Many cats are unbothered by mice, and it’s a myth that they will always catch them.
Yet, cats and dogs are curious animals, and if they take an interest in a particular spot under a kitchen cupboard, it’s time to look out for mice.
Since cats and dogs hear much better than we do, they can detect mice long before.
Recognizing droppings and urine
Mouse’s urine or droppings are good indicators that these rodents are around. Let’s see what we have discovered about them till now.

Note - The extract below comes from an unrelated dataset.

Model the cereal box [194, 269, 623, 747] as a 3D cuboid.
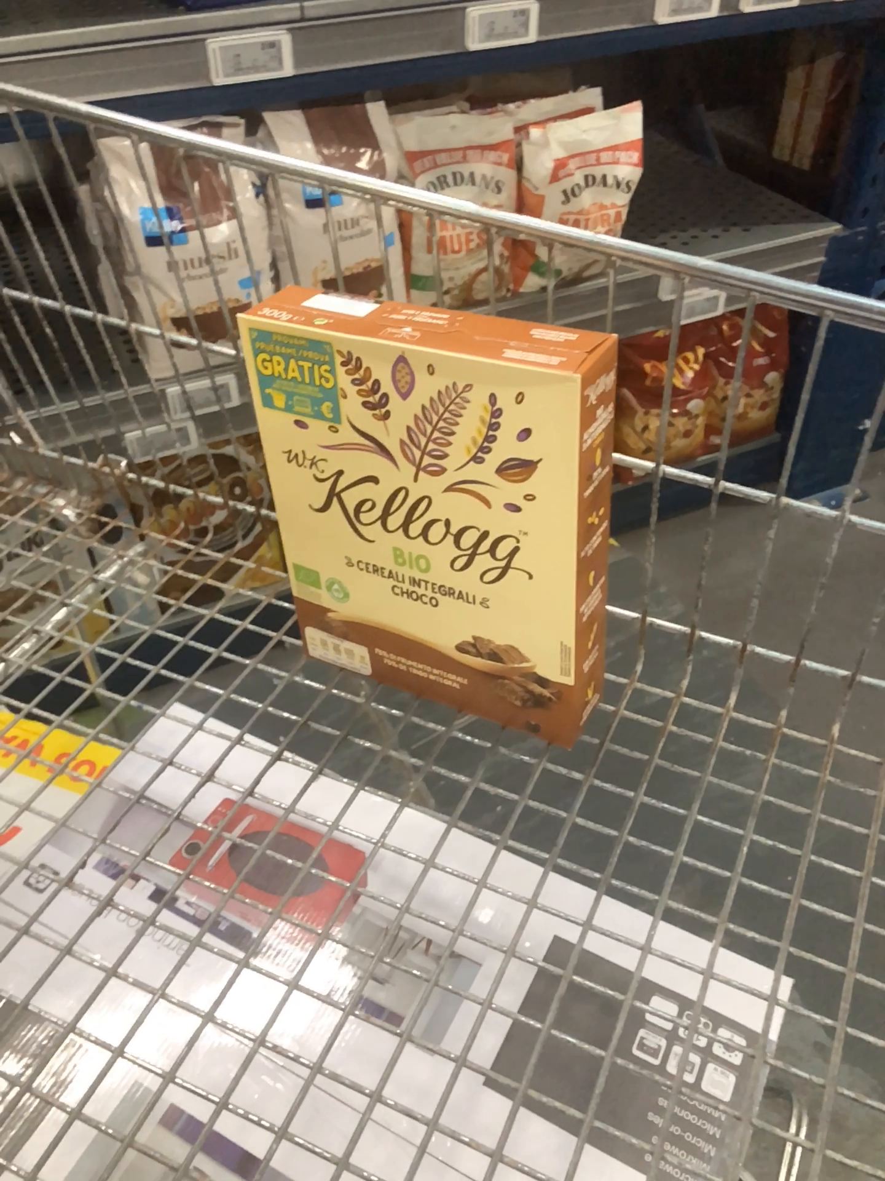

Mice can remain hidden for a long time before you suspect a problem.
Yet, spotting mouse urine is relatively easy, as these rodents dribble urine as they travel along.
Mice frequently urinate, leaving a strong ammonia-like smell. Imagine that a typical house mouse deposits several hundred tiny urine droplets on average in 24 hours.
Tip: When exterminators check for rodent infestations, they use a black light to check for mouse urine. Mouse urine glows under UV light!
And since they usually follow the same trails repeatedly (we mentioned rodent runways), these routes accumulate a large amount of rodent urine.
While fresh mouse urine smells like ammonia, a fermented one can smell like damp wood.
What do mouse urine stains look like?
Rodent urine is a thin line of dots, drops, or streaks running through vertical surfaces between cartons and bags.
Rodent urine often will have tail drag marks through the fluorescing deposit.
Tip: Wash rodent urine, whether it’s mouse and rat, droppings, and contaminated nesting materials, with commercial disinfectant or bleach solution (a mixture of bleach and water). Remember to follow the manufacturer’s instructions, use recommended concentration, and wear rubber gloves!
So if you find small patches of urine, you’ll know it’s time to invest in pest control.
Other indicators of mice infestation are urine pillars. These occur when we’re dealing with a heavy rodent infestation.
When grease, dirt, and hair combine with mouse urine, this mixture creates small mounds known as urine pillars.
To identify mouse urine pillars, check for dirt, grease marks, and buildup around your property.
Mice defecate everywhere they go, and they do it often.
Just as in the case of urine, seeing their droppings is a sign that the rodents have inhabited your space.
After noticing a distinct and unpleasant smell and strange markings on your walls, get ready to look for mouse droppings.
Mouse feces indicate areas where they are most active.
These small black and dark droppings measure approximately 3 to 6 mm long. They are pellet-shaped and granular.